My husband is also at the sit and snooze all day stage. The problem is that by sitting all day he is physically deteriorating. Or is it the other way around--does he sit and snooze because he is physically deteriorating? Would exercise of some sort be helpful at all or is this just the natural course of the disease? Walking with his tiny baby-steps makes it difficult to do more than what is necessary.
marilynmd, Oh I so agree with Sandi, you are wanting the best for your husband and what is best at stage 6 is not really what we would think of as being a better quality of life. By the time most patients reach stage 6 they no longer are able to participate in activities. Your husband is doing what the disease allows him to do at this time. We had a friend who placed her husband in daycare at stage 6 and all he did was sit in a chair, or walk around, nothing more than what he did at home. On the other hand if what you need is more time for things that you need to attend to he would not be any worse off maybe at day care but it would not be a help to him either.
I have a friend right now who is in patient for medication adjustment and believe me the picture is not a pretty one.
My dh has drawn away from social inter-action of any kind. I believe it is because he can't follow the converation and he is getting where he cannot participate in a conversation either because his thought patterns and speech is failing. I think he knows this and just prefers to sit and watch tv, do his word search and play a couple of games on the computer that he can still do. Frankly, I would like to sit and watch tv all day long too...that would not be a problem for me so it is no problem for me that he wants to do it.
marilynmd, I so agree with the others. I sympathize with your desire to increase his quality of life, believe me I tried everything. My husband was in the hospital twice for medication adjustment and both times were horrible and he came out worse than he went in. He too, was a people person who slowly but surely withdrew from everyone but me. Even the children and grandchildren.

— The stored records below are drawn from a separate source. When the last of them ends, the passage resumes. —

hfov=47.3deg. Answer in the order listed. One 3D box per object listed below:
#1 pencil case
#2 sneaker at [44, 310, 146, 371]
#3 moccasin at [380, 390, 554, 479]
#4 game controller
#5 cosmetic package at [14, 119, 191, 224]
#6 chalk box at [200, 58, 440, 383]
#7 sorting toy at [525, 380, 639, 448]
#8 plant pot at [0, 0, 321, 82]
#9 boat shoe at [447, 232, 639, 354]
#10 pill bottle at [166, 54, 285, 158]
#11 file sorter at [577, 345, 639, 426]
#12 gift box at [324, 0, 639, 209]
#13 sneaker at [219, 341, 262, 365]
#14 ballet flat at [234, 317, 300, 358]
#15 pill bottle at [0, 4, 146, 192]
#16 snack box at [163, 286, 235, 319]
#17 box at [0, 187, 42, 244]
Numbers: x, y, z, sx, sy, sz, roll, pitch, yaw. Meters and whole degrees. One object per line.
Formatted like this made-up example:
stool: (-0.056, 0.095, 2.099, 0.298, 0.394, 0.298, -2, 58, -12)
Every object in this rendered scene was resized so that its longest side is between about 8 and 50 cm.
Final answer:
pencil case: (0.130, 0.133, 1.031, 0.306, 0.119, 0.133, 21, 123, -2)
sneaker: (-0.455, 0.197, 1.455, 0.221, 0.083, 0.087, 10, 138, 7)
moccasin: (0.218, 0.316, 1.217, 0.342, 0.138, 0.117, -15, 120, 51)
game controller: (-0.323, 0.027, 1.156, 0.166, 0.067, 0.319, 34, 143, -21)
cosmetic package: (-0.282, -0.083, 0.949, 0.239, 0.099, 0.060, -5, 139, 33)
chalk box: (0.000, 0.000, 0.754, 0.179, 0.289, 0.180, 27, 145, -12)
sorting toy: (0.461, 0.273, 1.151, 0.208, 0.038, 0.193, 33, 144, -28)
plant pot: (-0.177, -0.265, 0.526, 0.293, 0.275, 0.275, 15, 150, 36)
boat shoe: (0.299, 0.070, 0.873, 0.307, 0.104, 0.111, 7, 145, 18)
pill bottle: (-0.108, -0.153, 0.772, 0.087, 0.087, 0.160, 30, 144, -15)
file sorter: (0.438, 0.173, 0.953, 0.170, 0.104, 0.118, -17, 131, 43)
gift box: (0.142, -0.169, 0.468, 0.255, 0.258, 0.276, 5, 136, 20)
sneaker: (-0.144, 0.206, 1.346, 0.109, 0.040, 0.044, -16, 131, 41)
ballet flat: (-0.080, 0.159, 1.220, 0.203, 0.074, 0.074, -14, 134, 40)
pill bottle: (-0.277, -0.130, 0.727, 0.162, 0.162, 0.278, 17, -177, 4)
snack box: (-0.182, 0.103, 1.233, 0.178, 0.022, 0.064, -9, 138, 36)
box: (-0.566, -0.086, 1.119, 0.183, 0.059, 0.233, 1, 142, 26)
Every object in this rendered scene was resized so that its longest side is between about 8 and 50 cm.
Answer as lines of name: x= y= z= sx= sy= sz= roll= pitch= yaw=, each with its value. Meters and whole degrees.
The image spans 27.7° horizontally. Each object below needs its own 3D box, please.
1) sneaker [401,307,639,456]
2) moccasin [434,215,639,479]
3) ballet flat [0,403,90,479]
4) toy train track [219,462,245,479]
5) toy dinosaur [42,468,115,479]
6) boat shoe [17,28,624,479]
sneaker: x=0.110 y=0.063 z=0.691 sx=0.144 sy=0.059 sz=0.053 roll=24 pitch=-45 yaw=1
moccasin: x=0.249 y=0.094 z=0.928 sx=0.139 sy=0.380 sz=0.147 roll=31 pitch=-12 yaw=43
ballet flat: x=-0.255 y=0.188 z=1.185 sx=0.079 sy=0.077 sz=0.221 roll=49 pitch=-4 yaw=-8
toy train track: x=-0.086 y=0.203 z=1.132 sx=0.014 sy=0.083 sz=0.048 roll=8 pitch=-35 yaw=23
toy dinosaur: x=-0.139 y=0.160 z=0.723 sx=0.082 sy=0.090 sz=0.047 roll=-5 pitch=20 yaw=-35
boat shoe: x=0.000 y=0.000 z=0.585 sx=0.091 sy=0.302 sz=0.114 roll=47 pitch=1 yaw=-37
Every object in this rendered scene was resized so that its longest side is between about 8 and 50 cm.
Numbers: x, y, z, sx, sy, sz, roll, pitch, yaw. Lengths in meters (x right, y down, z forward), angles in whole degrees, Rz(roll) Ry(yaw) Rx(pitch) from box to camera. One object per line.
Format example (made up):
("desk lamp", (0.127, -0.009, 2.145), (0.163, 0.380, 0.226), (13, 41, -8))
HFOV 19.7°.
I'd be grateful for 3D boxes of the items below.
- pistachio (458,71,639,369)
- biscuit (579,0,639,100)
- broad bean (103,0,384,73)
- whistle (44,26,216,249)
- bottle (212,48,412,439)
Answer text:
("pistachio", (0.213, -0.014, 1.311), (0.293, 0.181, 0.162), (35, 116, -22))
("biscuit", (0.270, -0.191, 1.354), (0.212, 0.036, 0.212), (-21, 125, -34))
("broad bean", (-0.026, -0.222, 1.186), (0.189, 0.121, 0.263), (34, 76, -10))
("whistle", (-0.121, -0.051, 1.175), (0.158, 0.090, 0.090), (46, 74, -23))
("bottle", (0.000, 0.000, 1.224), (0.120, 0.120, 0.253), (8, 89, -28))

It got to the place that just having other people around really agitated him. I think it was because he was unable to interact with them either verbally or physically. I finally gave up and family visited just 1 or 2 at a time and didn't stay long. Didn't do much for me but kept him quiet.
ehanilton*, I remember your posts about your experiences with this and that is one reason I am proceeding with caution. This would not be a hospital stay, but rather a subacute unit of a nursing home. However, everyone's comments have helped me see that what I may be wishing for my husband probably isn't realistic at this stage of the disease.

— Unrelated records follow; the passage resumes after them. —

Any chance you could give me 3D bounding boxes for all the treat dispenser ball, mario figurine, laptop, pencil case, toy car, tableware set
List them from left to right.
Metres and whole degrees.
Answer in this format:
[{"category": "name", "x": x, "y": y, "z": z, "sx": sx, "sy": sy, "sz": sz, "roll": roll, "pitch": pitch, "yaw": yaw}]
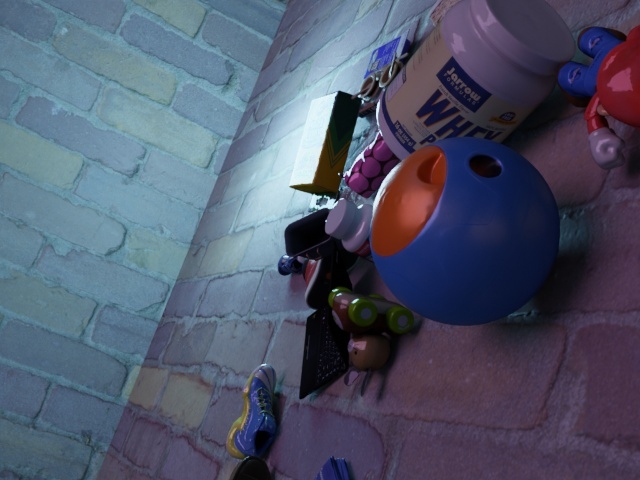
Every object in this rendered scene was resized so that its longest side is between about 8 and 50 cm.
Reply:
[{"category": "laptop", "x": -0.006, "y": 0.179, "z": 1.780, "sx": 0.264, "sy": 0.136, "sz": 0.234, "roll": -40, "pitch": 31, "yaw": 37}, {"category": "toy car", "x": 0.080, "y": 0.201, "z": 1.566, "sx": 0.155, "sy": 0.149, "sz": 0.188, "roll": -159, "pitch": 82, "yaw": -72}, {"category": "pencil case", "x": 0.139, "y": -0.206, "z": 1.944, "sx": 0.209, "sy": 0.095, "sz": 0.098, "roll": -49, "pitch": 25, "yaw": 31}, {"category": "tableware set", "x": 0.151, "y": -0.420, "z": 2.108, "sx": 0.194, "sy": 0.039, "sz": 0.128, "roll": -15, "pitch": 55, "yaw": 63}, {"category": "treat dispenser ball", "x": 0.218, "y": -0.014, "z": 1.234, "sx": 0.288, "sy": 0.288, "sz": 0.288, "roll": -51, "pitch": 24, "yaw": 34}, {"category": "mario figurine", "x": 0.461, "y": -0.219, "z": 1.179, "sx": 0.320, "sy": 0.170, "sz": 0.198, "roll": -90, "pitch": -6, "yaw": -69}]

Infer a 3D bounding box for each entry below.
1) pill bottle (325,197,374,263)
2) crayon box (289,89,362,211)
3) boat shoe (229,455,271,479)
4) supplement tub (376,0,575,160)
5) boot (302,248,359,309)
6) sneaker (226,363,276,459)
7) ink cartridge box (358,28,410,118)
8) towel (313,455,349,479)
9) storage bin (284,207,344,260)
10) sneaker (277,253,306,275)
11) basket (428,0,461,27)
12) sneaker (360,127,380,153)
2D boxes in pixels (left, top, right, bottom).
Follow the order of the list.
[{"category": "pill bottle", "x": 0.106, "y": -0.013, "z": 1.668, "sx": 0.108, "sy": 0.180, "sz": 0.108, "roll": -51, "pitch": 24, "yaw": 34}, {"category": "crayon box", "x": 0.006, "y": -0.246, "z": 2.266, "sx": 0.203, "sy": 0.083, "sz": 0.323, "roll": 4, "pitch": 79, "yaw": 68}, {"category": "boat shoe", "x": -0.184, "y": 0.623, "z": 1.745, "sx": 0.104, "sy": 0.110, "sz": 0.307, "roll": -42, "pitch": 30, "yaw": 44}, {"category": "supplement tub", "x": 0.276, "y": -0.287, "z": 1.466, "sx": 0.325, "sy": 0.235, "sz": 0.235, "roll": -49, "pitch": 25, "yaw": 44}, {"category": "boot", "x": 0.024, "y": 0.028, "z": 1.968, "sx": 0.244, "sy": 0.088, "sz": 0.176, "roll": -60, "pitch": 19, "yaw": 23}, {"category": "sneaker", "x": -0.136, "y": 0.417, "z": 1.940, "sx": 0.126, "sy": 0.091, "sz": 0.240, "roll": -3, "pitch": 61, "yaw": 47}, {"category": "ink cartridge box", "x": 0.177, "y": -0.451, "z": 2.195, "sx": 0.208, "sy": 0.045, "sz": 0.206, "roll": -9, "pitch": 59, "yaw": 66}, {"category": "towel", "x": -0.021, "y": 0.598, "z": 1.497, "sx": 0.336, "sy": 0.040, "sz": 0.243, "roll": -60, "pitch": 22, "yaw": 18}, {"category": "storage bin", "x": 0.000, "y": 0.000, "z": 1.819, "sx": 0.135, "sy": 0.091, "sz": 0.098, "roll": -26, "pitch": 58, "yaw": 32}, {"category": "sneaker", "x": -0.078, "y": 0.066, "z": 2.218, "sx": 0.144, "sy": 0.053, "sz": 0.059, "roll": -44, "pitch": 31, "yaw": 47}, {"category": "basket", "x": 0.336, "y": -0.518, "z": 1.789, "sx": 0.167, "sy": 0.113, "sz": 0.103, "roll": -50, "pitch": 29, "yaw": 34}, {"category": "sneaker", "x": 0.153, "y": -0.240, "z": 2.023, "sx": 0.158, "sy": 0.061, "sz": 0.065, "roll": -57, "pitch": -6, "yaw": 17}]
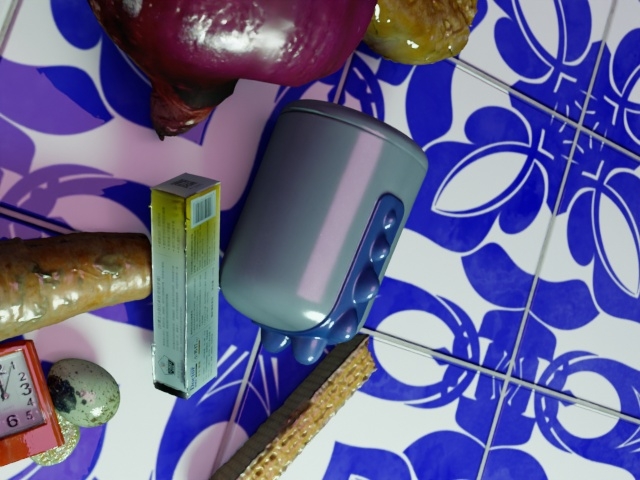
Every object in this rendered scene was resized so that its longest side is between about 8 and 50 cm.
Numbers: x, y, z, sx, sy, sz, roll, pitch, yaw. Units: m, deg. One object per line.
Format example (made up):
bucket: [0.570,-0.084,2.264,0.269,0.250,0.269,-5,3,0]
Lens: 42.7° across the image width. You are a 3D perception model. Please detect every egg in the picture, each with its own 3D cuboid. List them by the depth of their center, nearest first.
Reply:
egg: [-0.329,0.209,1.134,0.110,0.085,0.085,47,73,-17]

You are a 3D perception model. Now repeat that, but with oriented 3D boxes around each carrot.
carrot: [-0.376,0.058,1.085,0.302,0.139,0.138,-7,95,-36]

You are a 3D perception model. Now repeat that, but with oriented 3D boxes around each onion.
onion: [-0.150,-0.295,1.060,0.399,0.398,0.420,16,118,-26]

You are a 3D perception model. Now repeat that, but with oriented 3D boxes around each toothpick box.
toothpick box: [0.000,0.000,1.193,0.263,0.263,0.354,26,82,-25]

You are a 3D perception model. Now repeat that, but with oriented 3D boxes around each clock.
clock: [-0.419,0.217,1.098,0.113,0.061,0.155,-17,91,-11]

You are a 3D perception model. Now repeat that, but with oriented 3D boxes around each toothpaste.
toothpaste: [-0.185,0.068,1.136,0.089,0.071,0.312,-37,136,-56]

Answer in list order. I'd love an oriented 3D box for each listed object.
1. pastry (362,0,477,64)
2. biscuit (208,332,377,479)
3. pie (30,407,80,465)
pastry: [0.109,-0.411,1.286,0.311,0.162,0.254,27,67,-35]
biscuit: [-0.051,0.295,1.271,0.378,0.094,0.054,-45,104,-18]
pie: [-0.378,0.273,1.151,0.085,0.017,0.085,0,90,-24]

Another thing, the inpatient stay itself would be stressful for him, with no guarantee of an improvement. So I'm thinking to let things stay the way they are. Thanks goodness we have this forum to help us brainstorm!

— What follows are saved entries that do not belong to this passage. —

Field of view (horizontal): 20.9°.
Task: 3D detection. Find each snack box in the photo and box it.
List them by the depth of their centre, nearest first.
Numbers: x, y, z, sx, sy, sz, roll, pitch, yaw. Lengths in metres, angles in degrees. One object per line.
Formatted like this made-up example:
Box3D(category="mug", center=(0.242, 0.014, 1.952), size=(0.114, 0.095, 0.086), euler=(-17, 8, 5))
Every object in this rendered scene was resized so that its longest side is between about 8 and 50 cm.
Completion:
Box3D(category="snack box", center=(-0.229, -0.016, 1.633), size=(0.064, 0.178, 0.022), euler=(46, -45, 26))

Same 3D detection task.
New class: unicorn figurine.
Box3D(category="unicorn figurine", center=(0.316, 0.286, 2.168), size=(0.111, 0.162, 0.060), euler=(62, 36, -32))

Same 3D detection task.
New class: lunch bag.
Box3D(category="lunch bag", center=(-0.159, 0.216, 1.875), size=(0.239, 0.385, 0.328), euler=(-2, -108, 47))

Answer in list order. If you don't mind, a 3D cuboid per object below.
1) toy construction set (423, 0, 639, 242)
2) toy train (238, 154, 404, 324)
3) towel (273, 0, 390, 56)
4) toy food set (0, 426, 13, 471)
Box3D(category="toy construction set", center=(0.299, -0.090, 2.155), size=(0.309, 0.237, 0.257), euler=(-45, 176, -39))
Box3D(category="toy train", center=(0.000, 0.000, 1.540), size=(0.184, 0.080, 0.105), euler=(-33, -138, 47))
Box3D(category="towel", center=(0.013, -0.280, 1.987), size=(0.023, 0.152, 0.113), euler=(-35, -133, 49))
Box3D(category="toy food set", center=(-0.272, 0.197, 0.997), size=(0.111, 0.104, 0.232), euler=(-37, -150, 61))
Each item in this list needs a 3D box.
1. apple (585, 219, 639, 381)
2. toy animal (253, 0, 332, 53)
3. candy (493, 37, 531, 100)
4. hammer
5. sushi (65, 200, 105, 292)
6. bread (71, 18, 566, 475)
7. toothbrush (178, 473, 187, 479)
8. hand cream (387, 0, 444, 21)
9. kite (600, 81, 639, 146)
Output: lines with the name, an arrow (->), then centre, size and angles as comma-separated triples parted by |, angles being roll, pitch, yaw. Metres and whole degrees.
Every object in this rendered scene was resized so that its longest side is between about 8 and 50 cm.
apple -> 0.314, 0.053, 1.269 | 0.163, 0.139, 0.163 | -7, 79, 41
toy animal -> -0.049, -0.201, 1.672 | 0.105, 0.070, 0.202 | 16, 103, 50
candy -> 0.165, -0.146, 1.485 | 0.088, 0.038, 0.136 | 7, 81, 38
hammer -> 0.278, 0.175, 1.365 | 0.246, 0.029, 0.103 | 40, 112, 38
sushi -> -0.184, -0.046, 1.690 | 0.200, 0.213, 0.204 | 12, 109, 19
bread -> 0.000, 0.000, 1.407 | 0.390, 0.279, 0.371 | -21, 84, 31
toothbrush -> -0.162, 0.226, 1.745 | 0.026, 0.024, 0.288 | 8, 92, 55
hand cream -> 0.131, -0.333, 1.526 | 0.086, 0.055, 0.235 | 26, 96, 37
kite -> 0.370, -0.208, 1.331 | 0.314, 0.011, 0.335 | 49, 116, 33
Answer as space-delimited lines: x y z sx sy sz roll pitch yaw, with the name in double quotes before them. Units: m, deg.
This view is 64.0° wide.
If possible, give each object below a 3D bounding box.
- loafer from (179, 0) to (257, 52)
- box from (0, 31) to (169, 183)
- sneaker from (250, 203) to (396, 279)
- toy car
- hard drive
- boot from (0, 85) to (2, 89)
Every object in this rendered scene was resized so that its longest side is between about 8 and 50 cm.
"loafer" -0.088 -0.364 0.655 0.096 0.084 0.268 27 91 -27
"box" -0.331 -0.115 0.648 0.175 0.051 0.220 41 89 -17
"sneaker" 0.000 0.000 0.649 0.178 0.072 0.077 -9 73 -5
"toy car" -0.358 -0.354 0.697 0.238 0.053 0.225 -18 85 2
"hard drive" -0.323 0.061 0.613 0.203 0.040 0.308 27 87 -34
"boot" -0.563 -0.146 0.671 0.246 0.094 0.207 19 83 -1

Marilyn, I agree with the others. My DH has recently started to do more sleeping on the couch in front of the TV and seems content with it. He used to want to go out every day but hasn't asked to go in a few weeks now. It may be the weather and snow or just a change (deterioration). I am probably going to bring him and the aide to the local mall so they can resume the daily walking they did all Spring, Summer and Fall. I would be careful of an in-patient med adjustment even in a sub-acute unit. The dynamics in a facility - the routines, other patients, "strangers" are all upsetting to our LO's and can create behaviors they do not display at home which then may have the dr's over treating them with meds to calm the behaviors. My DH was in an acute unit, displayed aggression, constant pacing, not sleeping. When he came home, none of those behaviors was evident.